A ficção científica brasileira tem uma trajetória longa, com diferentes ondas. Neste dossiê magnífico da revista Zanzalá, há vários artigos abordando, como diz o título, “os ismos e punks na ficção científica brasileira”. Amazofuturismo, tupinipunk, sertãopunk e outros subgêneros são discutidos justamente a partir de suas abordagens que cruzam gêneros especulativos tradicionais e temas intrinsecamente brasileiros. Alguns anos atrás, quando descobri alguns destes movimentos (já que parte deles se reivindica assim), foi como encontrar um lugar no mundo para tudo que eu nem sabia ainda que queria escrever. Não que eu não goste de um bom filme ruim de fim de mundo nos Estados Unidos, mas nunca me despertou interesse escrever algo dentro desse contexto.


Nesse processo, descobri dois coletivos fundamentais para quem gosta de pensar na ficção especulativa com uma perspectiva do sul global, latina, brasileira, decolonial: o Escambau, que manteve uma revista (a Escambanáutica) e uma newsletter (a Pulpa) e depois se tornou editora, e a Mafagafo, revista que encerrou suas atividades em 2023 — e que também mantinha uma newsletter, a Faísca. Nestes espaços, conheci muitas autorias brasileiras contemporâneas, todas elas navegando pelas encruzilhadas da brasilidade na ficção especulativa. Vale muito a pena explorar seus legados. Foi em meio a eles que eu desenvolvi uma ideia de space opera à brasileira para concorrer ao edital da Apotecário, que no final não teve resultado — a revista nunca saiu.

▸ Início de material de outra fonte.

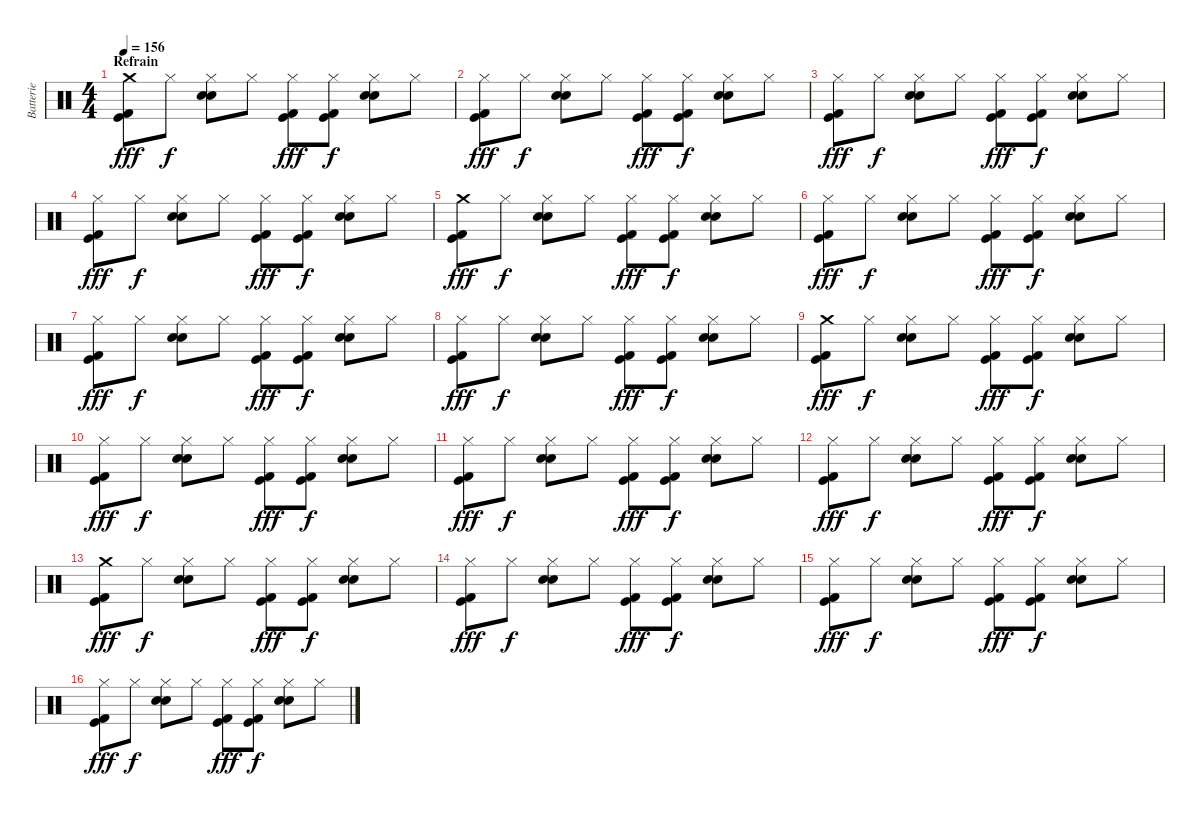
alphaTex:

\track ("Batterie" "Batterie") {instrument percussion}
\staff {score}
\articulation defaults
\ts (4 4)
\section ("" "Refrain")
\tempo 156
\clef neutral
\ks c
("Crash medium (hit)" "Kick (hit)" "Kick (hit) 2").8{dy fff} "Hi-Hat (closed)".8{dy f} ("Hi-Hat (closed)" "Snare (hit) 2" "Electric Snare (hit)").8 "Hi-Hat (closed)".8 ("Hi-Hat (closed)" "Kick (hit)" "Kick (hit) 2").8{dy fff} ("Hi-Hat (closed)" "Kick (hit)" "Kick (hit) 2").8{dy f} ("Hi-Hat (closed)" "Snare (hit) 2" "Electric Snare (hit)").8 "Hi-Hat (closed)".8 |
("Hi-Hat (closed)" "Kick (hit)" "Kick (hit) 2").8{dy fff} "Hi-Hat (closed)".8{dy f} ("Hi-Hat (closed)" "Snare (hit) 2" "Electric Snare (hit)").8 "Hi-Hat (closed)".8 ("Hi-Hat (closed)" "Kick (hit)" "Kick (hit) 2").8{dy fff} ("Hi-Hat (closed)" "Kick (hit)" "Kick (hit) 2").8{dy f} ("Hi-Hat (closed)" "Snare (hit) 2" "Electric Snare (hit)").8 "Hi-Hat (closed)".8 |
("Hi-Hat (closed)" "Kick (hit)" "Kick (hit) 2").8{dy fff} "Hi-Hat (closed)".8{dy f} ("Hi-Hat (closed)" "Snare (hit) 2" "Electric Snare (hit)").8 "Hi-Hat (closed)".8 ("Hi-Hat (closed)" "Kick (hit)" "Kick (hit) 2").8{dy fff} ("Hi-Hat (closed)" "Kick (hit)" "Kick (hit) 2").8{dy f} ("Hi-Hat (closed)" "Snare (hit) 2" "Electric Snare (hit)").8 "Hi-Hat (closed)".8 |
("Hi-Hat (closed)" "Kick (hit)" "Kick (hit) 2").8{dy fff} "Hi-Hat (closed)".8{dy f} ("Hi-Hat (closed)" "Snare (hit) 2" "Electric Snare (hit)").8 "Hi-Hat (closed)".8 ("Hi-Hat (closed)" "Kick (hit)" "Kick (hit) 2").8{dy fff} ("Hi-Hat (closed)" "Kick (hit)" "Kick (hit) 2").8{dy f} ("Hi-Hat (closed)" "Snare (hit) 2" "Electric Snare (hit)").8 "Hi-Hat (closed)".8 |
("Crash medium (hit)" "Kick (hit)" "Kick (hit) 2").8{dy fff} "Hi-Hat (closed)".8{dy f} ("Hi-Hat (closed)" "Snare (hit) 2" "Electric Snare (hit)").8 "Hi-Hat (closed)".8 ("Hi-Hat (closed)" "Kick (hit)" "Kick (hit) 2").8{dy fff} ("Hi-Hat (closed)" "Kick (hit)" "Kick (hit) 2").8{dy f} ("Hi-Hat (closed)" "Snare (hit) 2" "Electric Snare (hit)").8 "Hi-Hat (closed)".8 |
("Hi-Hat (closed)" "Kick (hit)" "Kick (hit) 2").8{dy fff} "Hi-Hat (closed)".8{dy f} ("Hi-Hat (closed)" "Snare (hit) 2" "Electric Snare (hit)").8 "Hi-Hat (closed)".8 ("Hi-Hat (closed)" "Kick (hit)" "Kick (hit) 2").8{dy fff} ("Hi-Hat (closed)" "Kick (hit)" "Kick (hit) 2").8{dy f} ("Hi-Hat (closed)" "Snare (hit) 2" "Electric Snare (hit)").8 "Hi-Hat (closed)".8 |
("Hi-Hat (closed)" "Kick (hit)" "Kick (hit) 2").8{dy fff} "Hi-Hat (closed)".8{dy f} ("Hi-Hat (closed)" "Snare (hit) 2" "Electric Snare (hit)").8 "Hi-Hat (closed)".8 ("Hi-Hat (closed)" "Kick (hit)" "Kick (hit) 2").8{dy fff} ("Hi-Hat (closed)" "Kick (hit)" "Kick (hit) 2").8{dy f} ("Hi-Hat (closed)" "Snare (hit) 2" "Electric Snare (hit)").8 "Hi-Hat (closed)".8 |
("Hi-Hat (closed)" "Kick (hit)" "Kick (hit) 2").8{dy fff} "Hi-Hat (closed)".8{dy f} ("Hi-Hat (closed)" "Snare (hit) 2" "Electric Snare (hit)").8 "Hi-Hat (closed)".8 ("Hi-Hat (closed)" "Kick (hit)" "Kick (hit) 2").8{dy fff} ("Hi-Hat (closed)" "Kick (hit)" "Kick (hit) 2").8{dy f} ("Hi-Hat (closed)" "Snare (hit) 2" "Electric Snare (hit)").8 "Hi-Hat (closed)".8 |
("Crash medium (hit)" "Kick (hit)" "Kick (hit) 2").8{dy fff} "Hi-Hat (closed)".8{dy f} ("Hi-Hat (closed)" "Snare (hit) 2" "Electric Snare (hit)").8 "Hi-Hat (closed)".8 ("Hi-Hat (closed)" "Kick (hit)" "Kick (hit) 2").8{dy fff} ("Hi-Hat (closed)" "Kick (hit)" "Kick (hit) 2").8{dy f} ("Hi-Hat (closed)" "Snare (hit) 2" "Electric Snare (hit)").8 "Hi-Hat (closed)".8 |
("Hi-Hat (closed)" "Kick (hit)" "Kick (hit) 2").8{dy fff} "Hi-Hat (closed)".8{dy f} ("Hi-Hat (closed)" "Snare (hit) 2" "Electric Snare (hit)").8 "Hi-Hat (closed)".8 ("Hi-Hat (closed)" "Kick (hit)" "Kick (hit) 2").8{dy fff} ("Hi-Hat (closed)" "Kick (hit)" "Kick (hit) 2").8{dy f} ("Hi-Hat (closed)" "Snare (hit) 2" "Electric Snare (hit)").8 "Hi-Hat (closed)".8 |
("Hi-Hat (closed)" "Kick (hit)" "Kick (hit) 2").8{dy fff} "Hi-Hat (closed)".8{dy f} ("Hi-Hat (closed)" "Snare (hit) 2" "Electric Snare (hit)").8 "Hi-Hat (closed)".8 ("Hi-Hat (closed)" "Kick (hit)" "Kick (hit) 2").8{dy fff} ("Hi-Hat (closed)" "Kick (hit)" "Kick (hit) 2").8{dy f} ("Hi-Hat (closed)" "Snare (hit) 2" "Electric Snare (hit)").8 "Hi-Hat (closed)".8 |
("Hi-Hat (closed)" "Kick (hit)" "Kick (hit) 2").8{dy fff} "Hi-Hat (closed)".8{dy f} ("Hi-Hat (closed)" "Snare (hit) 2" "Electric Snare (hit)").8 "Hi-Hat (closed)".8 ("Hi-Hat (closed)" "Kick (hit)" "Kick (hit) 2").8{dy fff} ("Hi-Hat (closed)" "Kick (hit)" "Kick (hit) 2").8{dy f} ("Hi-Hat (closed)" "Snare (hit) 2" "Electric Snare (hit)").8 "Hi-Hat (closed)".8 |
("Crash medium (hit)" "Kick (hit)" "Kick (hit) 2").8{dy fff} "Hi-Hat (closed)".8{dy f} ("Hi-Hat (closed)" "Snare (hit) 2" "Electric Snare (hit)").8 "Hi-Hat (closed)".8 ("Hi-Hat (closed)" "Kick (hit)" "Kick (hit) 2").8{dy fff} ("Hi-Hat (closed)" "Kick (hit)" "Kick (hit) 2").8{dy f} ("Hi-Hat (closed)" "Snare (hit) 2" "Electric Snare (hit)").8 "Hi-Hat (closed)".8 |
("Hi-Hat (closed)" "Kick (hit)" "Kick (hit) 2").8{dy fff} "Hi-Hat (closed)".8{dy f} ("Hi-Hat (closed)" "Snare (hit) 2" "Electric Snare (hit)").8 "Hi-Hat (closed)".8 ("Hi-Hat (closed)" "Kick (hit)" "Kick (hit) 2").8{dy fff} ("Hi-Hat (closed)" "Kick (hit)" "Kick (hit) 2").8{dy f} ("Hi-Hat (closed)" "Snare (hit) 2" "Electric Snare (hit)").8 "Hi-Hat (closed)".8 |
("Hi-Hat (closed)" "Kick (hit)" "Kick (hit) 2").8{dy fff} "Hi-Hat (closed)".8{dy f} ("Hi-Hat (closed)" "Snare (hit) 2" "Electric Snare (hit)").8 "Hi-Hat (closed)".8 ("Hi-Hat (closed)" "Kick (hit)" "Kick (hit) 2").8{dy fff} ("Hi-Hat (closed)" "Kick (hit)" "Kick (hit) 2").8{dy f} ("Hi-Hat (closed)" "Snare (hit) 2" "Electric Snare (hit)").8 "Hi-Hat (closed)".8 |
("Hi-Hat (closed)" "Kick (hit)" "Kick (hit) 2").8{dy fff} "Hi-Hat (closed)".8{dy f} ("Hi-Hat (closed)" "Snare (hit) 2" "Electric Snare (hit)").8 "Hi-Hat (closed)".8 ("Hi-Hat (closed)" "Kick (hit)" "Kick (hit) 2").8{dy fff} ("Hi-Hat (closed)" "Kick (hit)" "Kick (hit) 2").8{dy f} ("Hi-Hat (closed)" "Snare (hit) 2" "Electric Snare (hit)").8 "Hi-Hat (closed)".8

Nem por isso a trajetória da Retirante, uma espaçonave brasileira comandada por Raimundo, um caixeiro-viajante espacial, morreu na gaveta. Acabei publicando-a entre os 25 contos do meu recém lançado livro “Quase agora, uma coletânea de ficção científica à brasileira que foi escrita quase em sua totalidade nos desafios de escrita do Escambau e da Mafagafo. Um deles, “A visagem do ovo”, é inclusive finalista da Odisseia de Literatura Fantástica de 2024.


E você? O que indicaria no campo da ficção científica com uma temática brasileira?

Bora trocar essa ideia na caixa de comentários?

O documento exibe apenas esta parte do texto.